The Problem of Search Engines and "Sekrit" Data
Nos. writes: "CNet is reporting that not only Google but other search engines are finding password and credit card numbers while doing its indexing. An interesting quote from the article by Google: 'We define public as anything placed on the public Internet and not blocked to search engines in any way. The primary burden falls to the people who are incorrectly exposing this information. But at the same time, we're certainly aware of the problem, and our development team is exploring different solutions behind the scenes.'" As the article outlines, this has been a problem for a long time -- and with no easy solution in sight.
I don't see what's so hard about this problem. It's very simple... don't keep data of any kind on the web server. That's what firewalled, password/encryption protected DB servers are for.
The next Slashdot story will be ready soon, but subscribers can beat the rush and slashdot the links early!
The quote from that article about Google not thinking about this before the put it forward is idiotic. How can Google be responsible for documents that are in the public domain, that anyone can get to by typing a URL into a browser. It isn't insecure software, just dumb people...
D.O.U.O.S.V.A.V.V.M.
...obey the Robot Exclusion Standard. This is not a big secret, and is linked to by all major search engines. Anyone wishing to exclude a well-behaved robot (like those of major search engines) can place a small file on their site which controls the behaviour of the robot. Don't want a robot in a particular directory? Then set your robots.txt up correctly.
P.S. Anyone keeping credit card info in a web directory that's accessible to the outside world should really think long and hard about getting out of business on the internet.
It is a burden, but the responsibility does not lie on a crawling engine. You could check any 10 digit number (and expdate with a lune check if available) but with all the different formatting done on CC numbers (XXXX-XXXX-XXXX-XXXX, XXXXXXXXXXXXXXXX, etc) the algorithm could get ugly to maintain.
I don't see why Google or any other search engine has to even acknowledge this problem, it's simply Someone Else's Problem. If I was paying a web team/master/monkey any money at all and found out about this, heads would roll. It seems that even thinking of pointing a finger at google is the same tactic Microsoft is doing at those "irresponsible" individuals pointing out security flaws.
If anything Google is providing them a service by telling them about the problem.
Dacels Jewelers can't be trusted.
"Webmasters should know how to protect their files before they even start writing a Web site"
:)
That quote sums up the exact problem. It's not googles fault for finding out what an idiot the web merchant was. As a matter of fact I thank google for exposing this problem. This is nothing short of gross negligence on the part of any web merchant to have any credit card numbers publicly accessible in any way. There is no reason this kind of information should not be under strong security.

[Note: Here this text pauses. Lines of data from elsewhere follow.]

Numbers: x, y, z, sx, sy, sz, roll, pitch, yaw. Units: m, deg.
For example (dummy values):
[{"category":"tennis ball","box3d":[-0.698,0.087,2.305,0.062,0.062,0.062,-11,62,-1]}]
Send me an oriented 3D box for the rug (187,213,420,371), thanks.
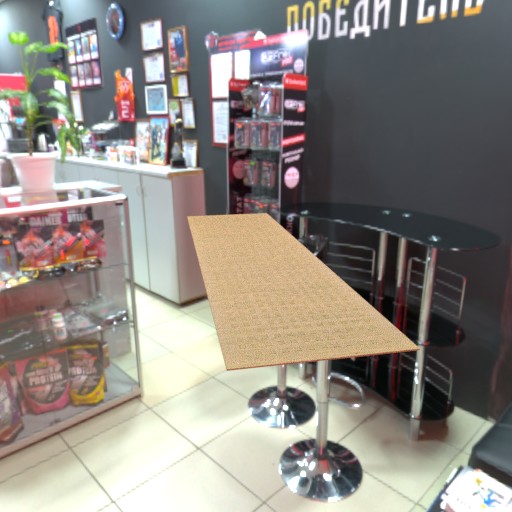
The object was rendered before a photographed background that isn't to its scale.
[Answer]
[{"category":"rug","box3d":[0.000,0.000,2.639,0.686,0.006,2.437,-3,17,-11]}]
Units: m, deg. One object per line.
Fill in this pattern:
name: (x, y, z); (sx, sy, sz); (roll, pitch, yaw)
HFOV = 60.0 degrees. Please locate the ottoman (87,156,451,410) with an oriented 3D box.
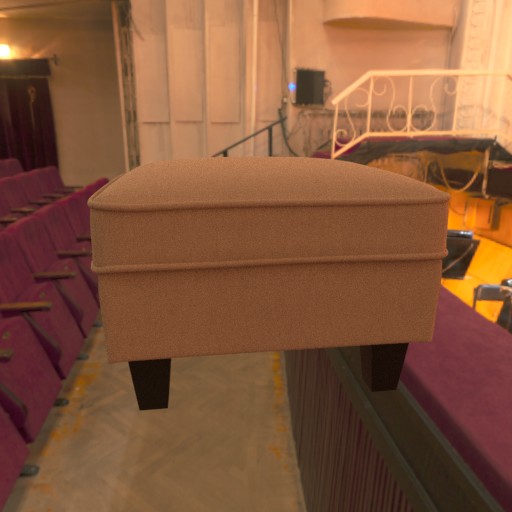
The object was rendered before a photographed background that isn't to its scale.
ottoman: (0.000, 0.000, 1.024); (0.613, 0.438, 0.616); (-2, 16, -8)
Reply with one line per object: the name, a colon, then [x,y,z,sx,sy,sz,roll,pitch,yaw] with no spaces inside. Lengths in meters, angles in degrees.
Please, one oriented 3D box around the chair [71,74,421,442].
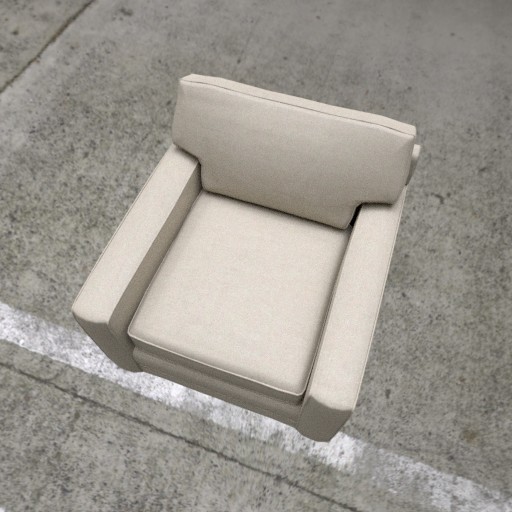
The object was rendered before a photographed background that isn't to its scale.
chair: [0.000,0.000,1.779,0.998,0.913,1.043,17,60,10]

To have a search engine discover this kind of information is dispicable, unprofessional, and just plain idiotic. As others have mentioned these guys need to get a firewall, use some security, and quit being such incredible fools with such valuable information. Any merchant who exposes credit card information through the stupidity of word documents, or excel spreadsheets on their public web server, or any non-secure server of any kind deserves to get sued into oblivion. Although, people usually don't like lawyers I'm really glad we have them in the US because they help stop this kind of stuff. Too many lazy people don't think its in their best interest to protect the identity, or financial security of others. I'm glad lawyers are here to show them the light
JOhn
Campaign for Liberty
Secondly, it appears that companies are storing credit card numbers (a) in the clear and (b) in these public areas. These companies should not be allowed to trade on the internet! That is so inept when learning how to use pgp/gpg takes no time at all, and simply storing the PGP encrypted files outside the publically accessible filesystem is just changing the line of code that writes to "payments/ordernumber.asc" to "~/payments/ordernumber.asc" (or whatever). Of course, the PGP secret key is not stored on a publically accessible computer at all.
But I shouldn't be giving a basic course on how to secure website payments, etc, to you lot - you know it or could work it out (or a similar method) pretty quickly. It is those dumb administrators that don't have a clue about security that are to blame (or their PHB).
What do you mean they cut the power? How can they cut the power, man? They're animals!
Some search engines don't just check the pages linked from other pages on the server, but also look for other files in the subdirectories presented in links.
So if http://credit.com/ has a link to http://credit.com/signin/entry.html then these engines will also check http://credit.com/signin/ - which will, if directory indexes are on and there is no index.html page there, show all the files in the directory. In which case http://credit.com/signin/custlist.dat - your flatfile list including credit cards - gets indexed.
So if you're going to have directory indexing on (which there can be valid reasons for) you really need to create an empty index.html file as the very next step each time you set up a subdirectory, even if you only intend to link to files within it.
"with their freedom lost all virtue lose" - Milton